Silently, they walked toward the steps. Of course, he wouldn’t leave until she made it safely inside. She navigated the wooden treads as quickly as she could in four–inch heels. Without glancing back, she jammed the key into the lock. Jiggled it when it didn’t open.

“Let me try,” Blade said.

She shook her head and tried again. The door decided to cooperate, and she opened it and stepped inside. Her hands scrabbled to find the light switch. The wash of brightness momentarily blinded her.

“Want me to come in and check things out?”

She shook her head. “I’m sure everything is fine.”

“Meant it when I said you’re going to be a great deputy. I don’t want to mess anything up for you.”

“Yeah, I know.”

“Good night, Brandy.”

“Good night, Lieutenant Beringer.” She closed the door and leaned against it. Listened to the sound of Blade’s footsteps on the stairs. The Tahoe’s motor rumbled to life.

Instead of feeling invincibly independent, she suddenly felt incredibly lonely.

She flicked off the outside light and threw her little evening bag on the table. And sensed that everything wasn’t
fine.

Before she could turn toward the darkness of the bedroom, someone grabbed her from behind. An arm snaked around her neck. Her unsteady heartbeat flared as a hand clamped over her nose and mouth. She couldn’t breathe.

But she could fight.

She jammed her spike heel into the attacker’s instep. His hold loosened. She spun and pulled free. Staggering toward the stove, she grabbed the first thing she could get her hands on. A frying pan. But when she swung around, he’d already dodged out the apartment door, and she heard him thundering down the steps.

Frozen to the spot, she gasped for air, then lunged to close the door and noticed a note on the floor. With a trembling hand, she reached for it.

Give it up, Wilcox, or you’re going to end up dead.

She swallowed. A ragged breath billowed out.

Was this another threat from the Neo Nazi Freedom Fighters? Or did someone else want her dead? Hiring a lawyer and digging into a decade–old homicide case could have pushed someone’s buttons. She picked up the phone to call the sheriff’s department.

The muscles in her solar plexus pulled tight, and her will stiffened.

No way
in hell was anyone going to scare her off.

CHAPTER NINE

F
ifteen minutes into her morning jog with Tonya Crawford, the closest thing to a girlfriend Brandy had ever had, her mind struggled, equally torn between last night’s kiss and the intruder she’d encountered in her apartment.
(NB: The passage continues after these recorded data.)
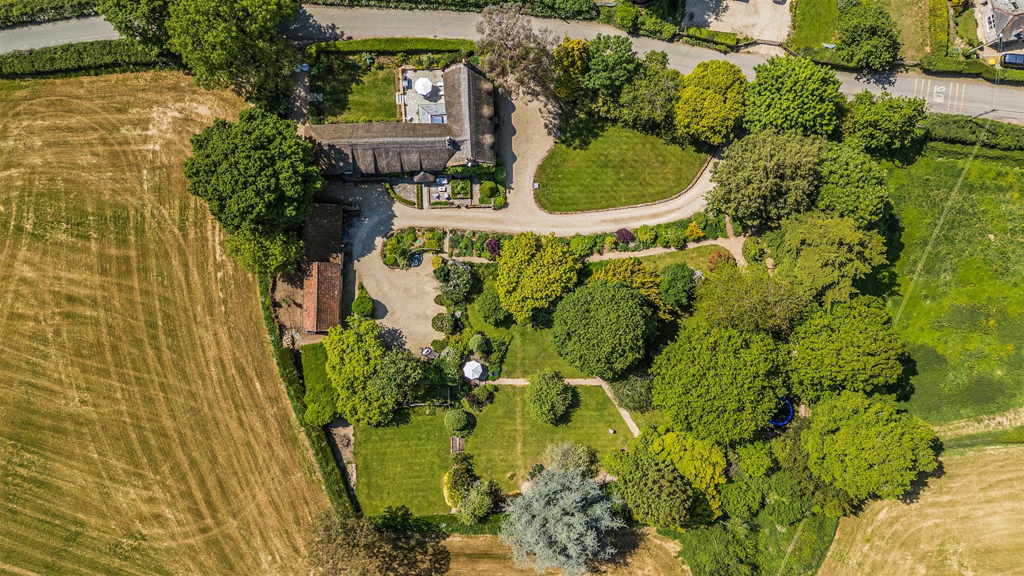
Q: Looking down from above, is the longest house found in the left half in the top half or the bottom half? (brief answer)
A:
top
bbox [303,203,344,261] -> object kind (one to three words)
barn
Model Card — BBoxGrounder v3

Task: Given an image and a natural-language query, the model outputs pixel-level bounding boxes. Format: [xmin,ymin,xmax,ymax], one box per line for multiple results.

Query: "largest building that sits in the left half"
[305,61,504,184]
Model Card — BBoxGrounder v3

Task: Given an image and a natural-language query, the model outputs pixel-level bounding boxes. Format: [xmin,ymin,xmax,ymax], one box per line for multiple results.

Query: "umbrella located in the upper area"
[415,78,434,97]
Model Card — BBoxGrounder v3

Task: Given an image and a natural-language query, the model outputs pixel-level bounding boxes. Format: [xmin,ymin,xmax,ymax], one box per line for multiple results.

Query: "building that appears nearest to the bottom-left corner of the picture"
[303,261,343,333]
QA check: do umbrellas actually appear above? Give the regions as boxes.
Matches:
[464,359,482,378]
[415,78,434,97]
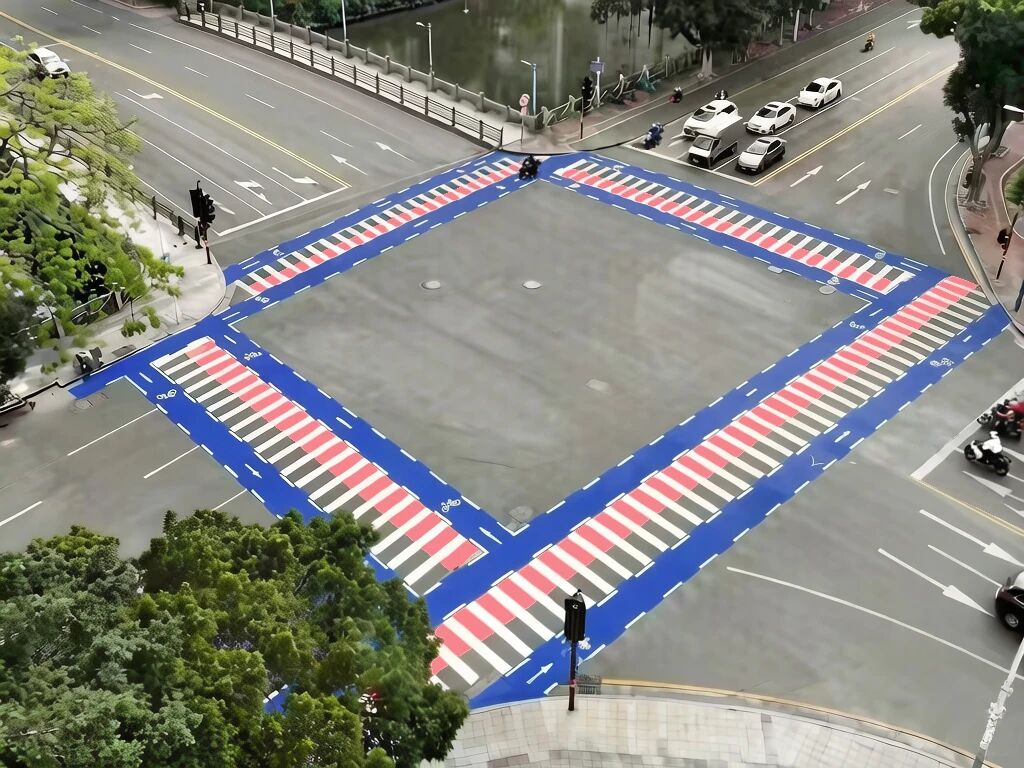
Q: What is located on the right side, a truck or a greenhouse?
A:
truck
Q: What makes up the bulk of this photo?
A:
paved ground
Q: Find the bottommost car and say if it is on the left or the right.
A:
right
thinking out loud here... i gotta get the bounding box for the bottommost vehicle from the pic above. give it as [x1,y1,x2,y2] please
[992,579,1024,626]
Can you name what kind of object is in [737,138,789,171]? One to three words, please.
car
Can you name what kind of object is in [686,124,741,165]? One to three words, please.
truck
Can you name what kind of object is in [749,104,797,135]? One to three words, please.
car
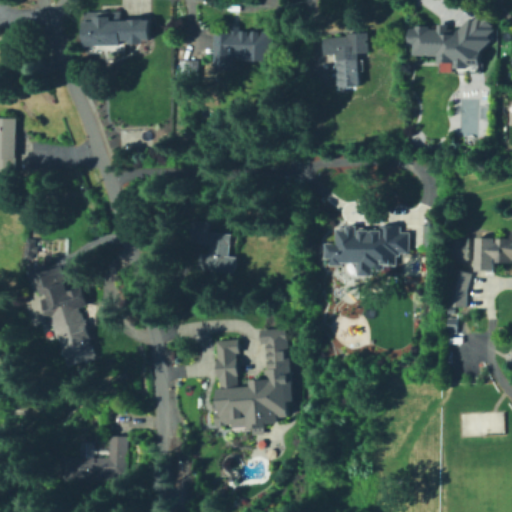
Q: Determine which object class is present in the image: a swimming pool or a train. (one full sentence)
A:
This aerial view contains a swimming pool.
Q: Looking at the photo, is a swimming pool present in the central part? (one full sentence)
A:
No, no swimming pool can be made out in the central part.
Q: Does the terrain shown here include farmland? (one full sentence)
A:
No, there is no farmland in the image.
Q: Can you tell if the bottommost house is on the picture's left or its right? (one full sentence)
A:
The bottommost house appears in the left half of the scene.
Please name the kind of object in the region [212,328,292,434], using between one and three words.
house
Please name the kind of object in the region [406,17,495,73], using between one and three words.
house
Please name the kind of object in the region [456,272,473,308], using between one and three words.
building
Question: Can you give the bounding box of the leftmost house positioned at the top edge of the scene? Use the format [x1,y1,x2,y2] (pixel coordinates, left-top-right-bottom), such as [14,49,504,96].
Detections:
[80,11,148,48]
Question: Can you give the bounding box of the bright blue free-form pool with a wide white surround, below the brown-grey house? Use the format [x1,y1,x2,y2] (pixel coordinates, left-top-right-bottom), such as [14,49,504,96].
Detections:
[243,459,271,486]
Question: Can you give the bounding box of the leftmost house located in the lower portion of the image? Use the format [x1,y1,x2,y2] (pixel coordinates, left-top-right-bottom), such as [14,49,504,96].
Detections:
[36,268,94,362]
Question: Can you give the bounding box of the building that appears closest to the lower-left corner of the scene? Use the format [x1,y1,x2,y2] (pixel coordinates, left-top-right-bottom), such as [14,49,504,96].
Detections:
[60,436,130,486]
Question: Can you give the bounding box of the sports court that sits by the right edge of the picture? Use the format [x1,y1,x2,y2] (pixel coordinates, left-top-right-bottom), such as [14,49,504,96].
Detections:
[461,410,506,438]
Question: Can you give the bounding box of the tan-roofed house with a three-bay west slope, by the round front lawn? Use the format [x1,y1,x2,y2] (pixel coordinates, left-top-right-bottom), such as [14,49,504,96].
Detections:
[474,237,512,271]
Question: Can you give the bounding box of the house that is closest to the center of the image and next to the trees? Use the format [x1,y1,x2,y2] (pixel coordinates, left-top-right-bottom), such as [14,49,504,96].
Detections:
[204,233,238,276]
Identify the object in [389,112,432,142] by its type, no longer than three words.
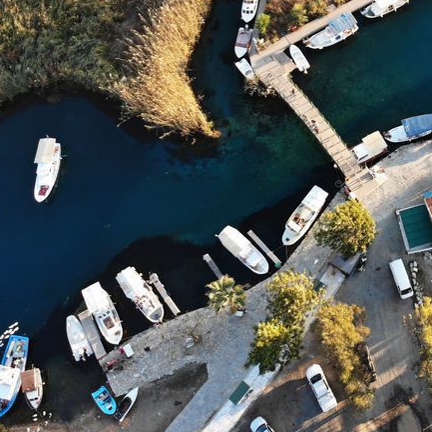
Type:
boat
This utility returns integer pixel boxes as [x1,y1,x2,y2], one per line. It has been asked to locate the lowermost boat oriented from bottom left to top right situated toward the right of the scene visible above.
[286,180,330,244]
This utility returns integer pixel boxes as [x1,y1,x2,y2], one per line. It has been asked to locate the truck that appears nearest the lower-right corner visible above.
[305,362,341,416]
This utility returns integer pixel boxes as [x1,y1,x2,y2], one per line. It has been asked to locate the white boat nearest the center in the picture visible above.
[216,223,263,273]
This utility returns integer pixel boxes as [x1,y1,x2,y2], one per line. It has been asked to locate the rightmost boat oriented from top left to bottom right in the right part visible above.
[291,45,312,77]
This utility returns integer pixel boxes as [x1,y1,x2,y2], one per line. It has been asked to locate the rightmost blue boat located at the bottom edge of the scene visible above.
[91,385,114,417]
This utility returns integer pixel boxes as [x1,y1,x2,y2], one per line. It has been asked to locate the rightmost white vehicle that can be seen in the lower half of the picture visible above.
[387,256,417,302]
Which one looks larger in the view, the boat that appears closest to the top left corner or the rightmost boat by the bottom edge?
the boat that appears closest to the top left corner
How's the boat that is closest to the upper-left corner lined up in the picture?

Tonya, the owner of Tour d’Alene and technically her landlady, stopped and grabbed a water bottle from her pack, flipped her long dark braid over her shoulder, and said, “So, how are things going with you and your new FTO since the false arrest?”

Brandy’s heart thumped, though not because of the jogging effort. She surprised herself when she left an opening for personal conversation and replied, “It depends how you look at
things.

“How many ways are there to look at a man?”

Brandy reached down to tighten her shoelace. “I did mention that he’s really hot?”

“I believe that entered the blow–by–blow account. Somewhere between sexy eyes, ripped body, and the part where you ordered him to lose his Levis.”

With Tonya’s prompting, Brandy proceeded to explain about the awards banquet and the kiss that shouldn’t have happened.